About 20 minutes in I really started to understand this. Great talk
As far as visuals go, I agree, but I have always hated the map layout of Face. I think the way the towers were designed was excellent, but I've always disliked the open paths with no cover where you can just get picked off by anyone and everyone.
this is why silhouetting is important when animating
I didn't see the dog...
Yeah, that's really bugging me too.
so this talk is more about the silhouette and composition than negative space right?
I love how with his voice and tonality he creates an atmosphere as if the fate of the world depends on the very words he is uttering :).
Outstanding!!
This was certainly an outstanding talk!
Hey, Frank, can you change the colors in the ground material? Need to make gameplay area more clear. You just did it in one click? Sweet. Thanks, Frank. You environment artists, always trying to get away with it.
Frank, by the way, I loved UT 2003 Face.
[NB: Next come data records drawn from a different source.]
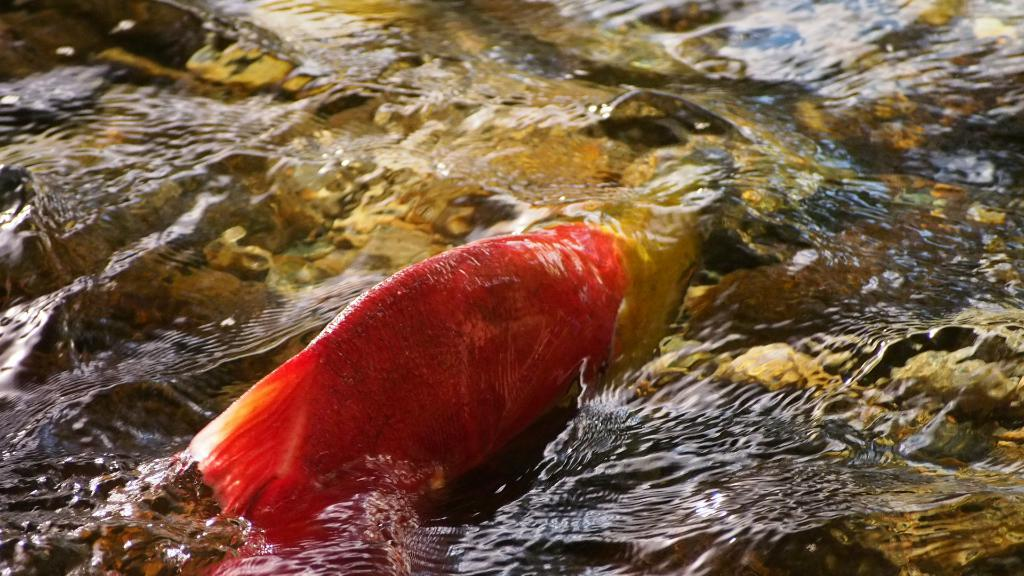What is the main subject of the image? There is a fish in the image. What is the fish doing in the image? The fish is swimming in the water. What type of pie is being served at the basketball game during the week in the image? There is no pie, basketball game, or reference to a week in the image; it only features a fish swimming in the water. 
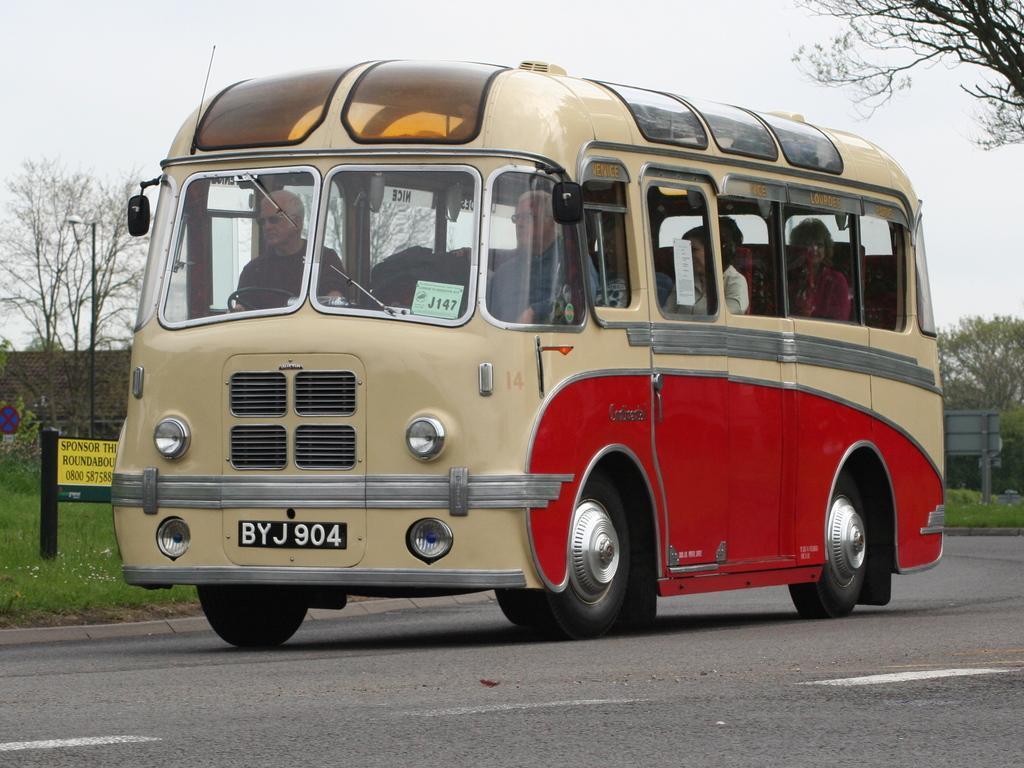Please provide a concise description of this image. In the image there is a bus moving on the road and beside the bus there is a garden with a lot of grass and in the front side of the garden there is some board kept beside the road and in the background there are few trees. 
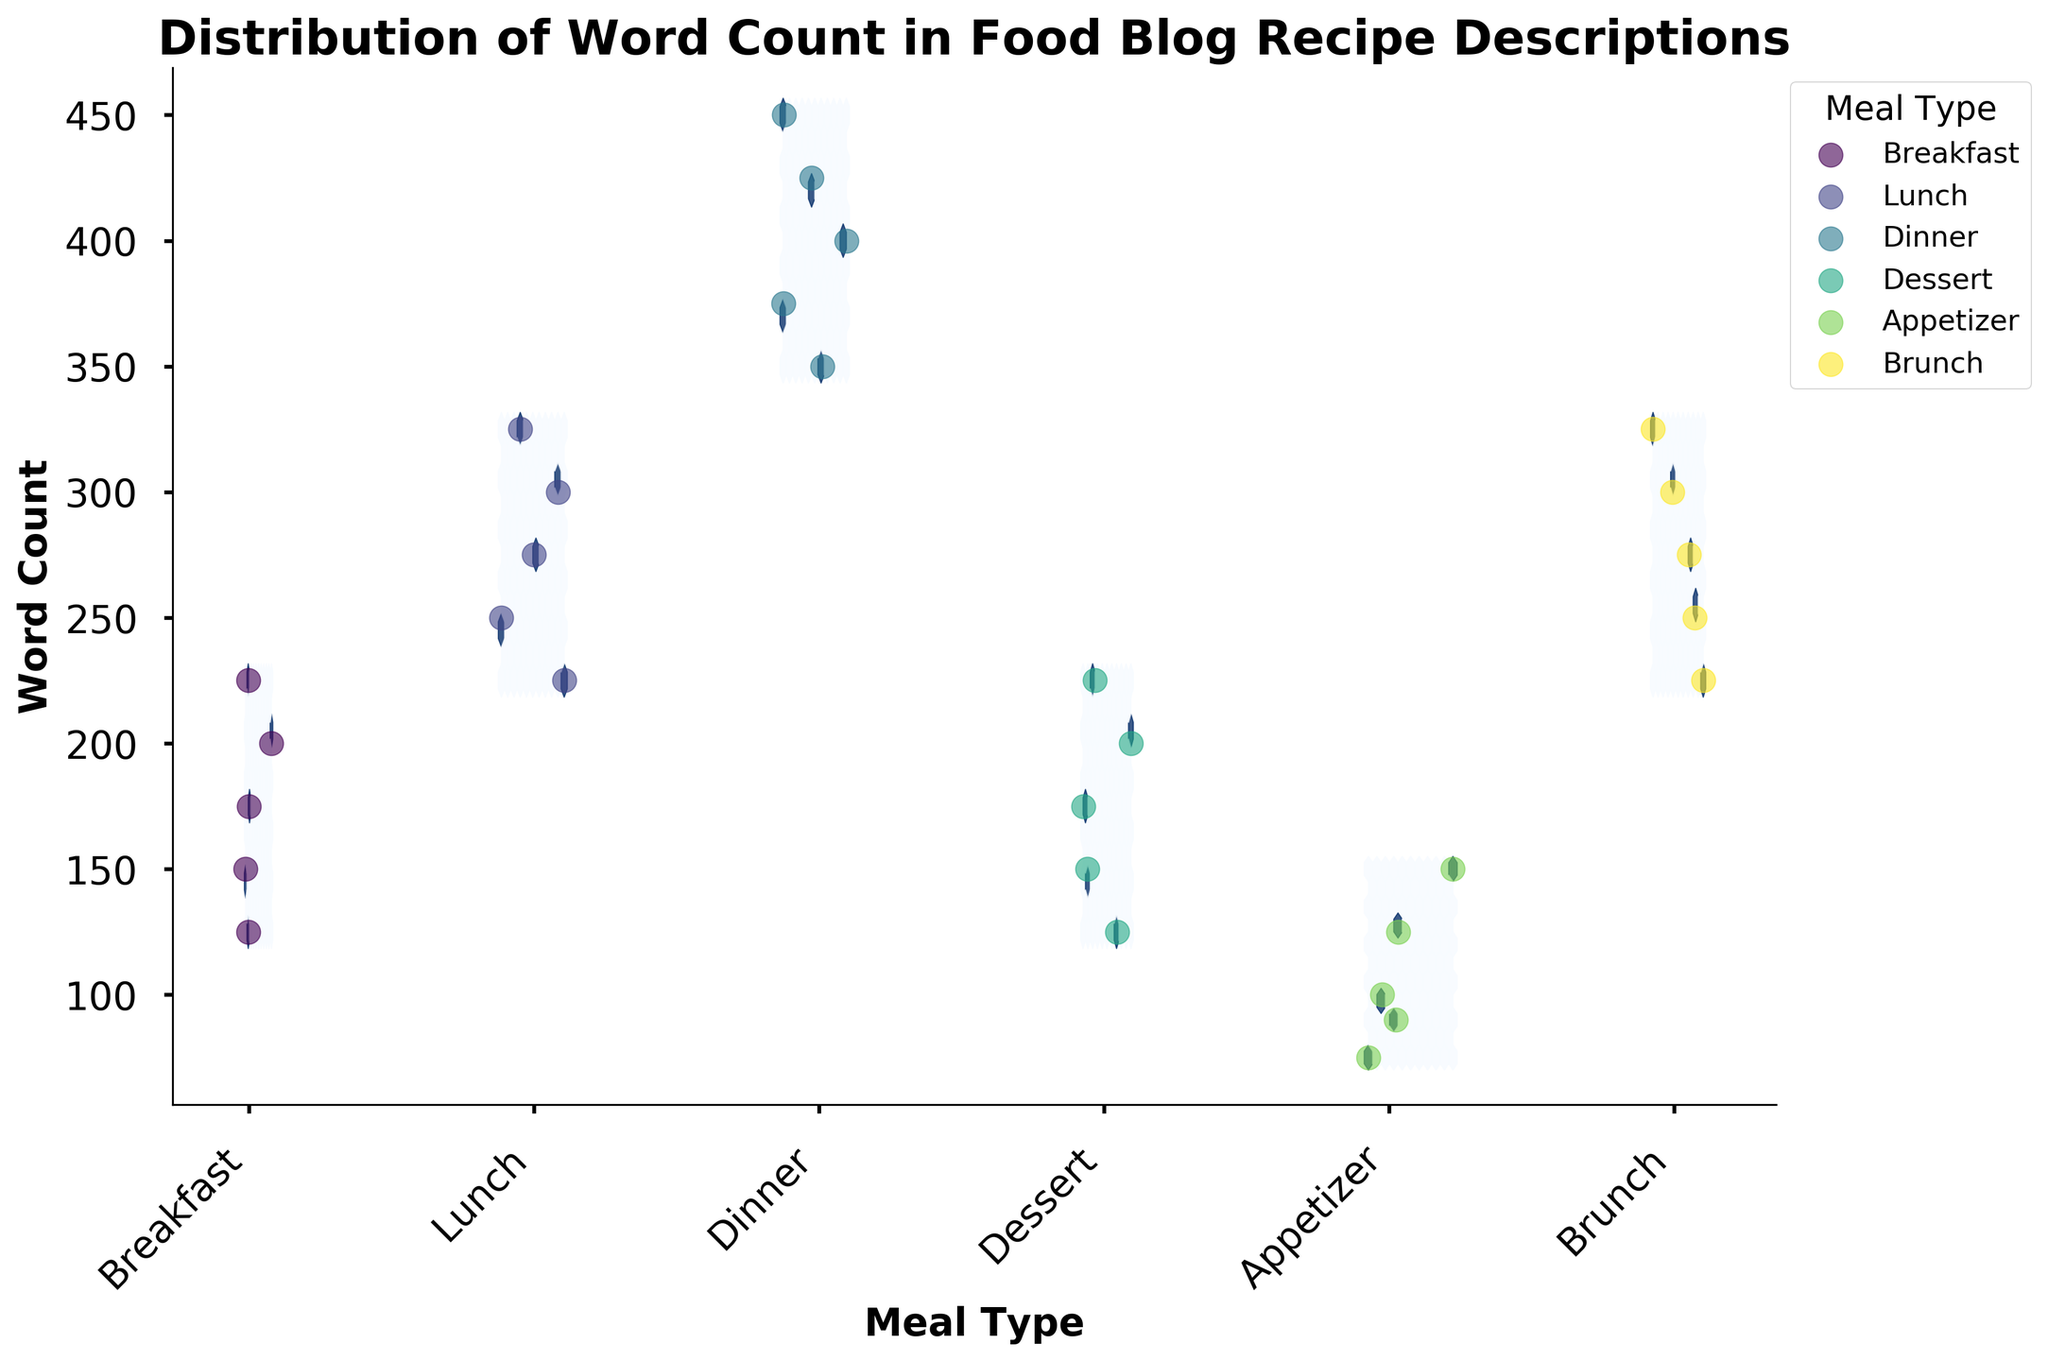What is the title of the figure? The title of the figure is placed usually at the top and is indicated with bold text. Here it states: "Distribution of Word Count in Food Blog Recipe Descriptions."
Answer: Distribution of Word Count in Food Blog Recipe Descriptions Which meal type has the highest word count cluster? In the plot, the shaded hexagons indicate clusters of data points. The densest or darkest-shaded area represents the largest cluster. Dinner shows the highest word count cluster.
Answer: Dinner How is the y-axis labeled? The y-axis typically contains the range of values we are analyzing. In this figure, it is labeled 'Word Count'.
Answer: Word Count What meal types are included in the plot? The xticks with labels correspond to the different meal types plotted. Translating from coding, the meal types included in the plot are Breakfast, Lunch, Dinner, Dessert, Appetizer, and Brunch.
Answer: Breakfast, Lunch, Dinner, Dessert, Appetizer, Brunch What is the average word count for the Breakfast meal type? For averaging, sum up all the word counts for Breakfast and divide by the number of records: (150+200+175+225+125) / 5 = 875 / 5
Answer: 175 Which meal type shows a wider range of word counts: Lunch or Brunch? Observing the spread of data points on the y-axis for both meal types, we see: Brunch (225-325), Lunch (225-325). Both have the same range in the plot.
Answer: Same range Between Breakfast and Dessert, which meal type has more variability in word count? Variability is inferred from how spread out the points are; Breakfast has points ranging from 125 to 225 while Dessert ranges from 125 to 225. Both seem to have the same variability.
Answer: Same variability Describe the color of the hexagons used in the plot. Colors give visual cues on the density of points. The hexagons in this hexbin plot are colored with shades of blue from the color map 'Blues'.
Answer: Shades of blue What information does the color intensity in the hexbin plot convey? The darker shades of blue in the hexagons indicate a higher density of points in that area, meaning more blog descriptions have that word count.
Answer: Density of points Which meal type has the lowest maximum word count? The y-axis reveals the highest word counts for each category. Observing the highest points: Appetizers have the lowest maximum word count of 150.
Answer: Appetizer 
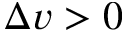<formula> <loc_0><loc_0><loc_500><loc_500>\Delta v > 0</formula> 
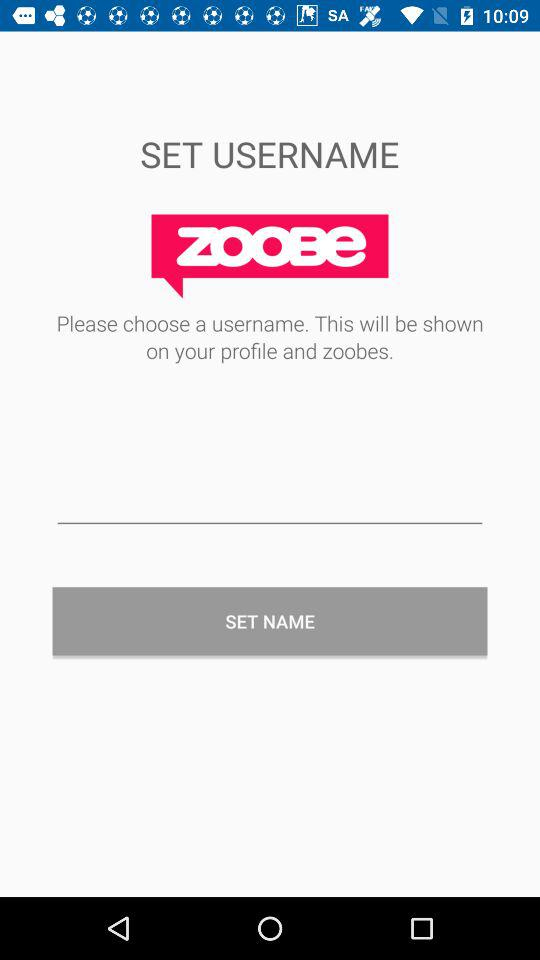What is the application name? The application name is "Zoobe". 
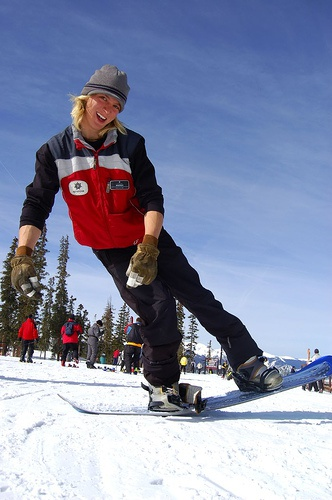Describe the objects in this image and their specific colors. I can see people in blue, black, maroon, and gray tones, snowboard in blue, black, gray, and darkgray tones, people in blue, black, gray, brown, and maroon tones, people in blue, white, gray, black, and darkgray tones, and people in blue, black, and gray tones in this image. 
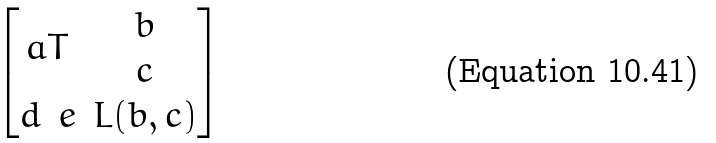<formula> <loc_0><loc_0><loc_500><loc_500>\begin{bmatrix} a T & \begin{matrix} b \\ c \end{matrix} \\ \begin{matrix} d & e \end{matrix} & L ( b , c ) \end{bmatrix}</formula>

It's design was a mind-blowing revelation at the time. The next gen truly arrived. Architecture was 100 times more complicated and awesome. Boring-ass empty space was a thing of the past. Big open environments were now possible.
One criticism of this talk, Favela is a really poor choice to trash, it is beloved by a large Portion of the 50 million plus players of Modern Warfare 2. It is also a fairly obvious 3 lane map, with some scope in the middle to go between/over/under the lanes, facing worlds does not fit this standard template so is a poor point of comparison. There are some absolute stinkers in Modern Warfare 2, Favela is not one of them. There was a poor attempt at Halo 3's 'Narrows' in Halo 4, that might have been a good choice to contrast.
If I were to complain about this great video I would say the screenshot of favela is unfair. That map has a lot of nice buildings to go into that are lit well with clear entrances. You can have a heartbeat sensor, etc. It's playable but his point remains.
The issue is if you're looking at the heartbeat sensor/minimap you are not looking at your crosshairs, where the enemy should be.
18:52 That "figure ground reversal" image reminds me of the flash game SHIFT.
Good times.
Edit: Ooh, it also reminds me of Space is Key (which, I might add, has quite the fitting name given the subject of the talk).
Nothing is darkness, and darkness is still something. In fact, darkness is the beginning of everything.
This is why I disable DOF, motion blur, volumetric fog/lighting, bloom, lens flare, chromatic aberration, and other such 'effects' in nearly every game.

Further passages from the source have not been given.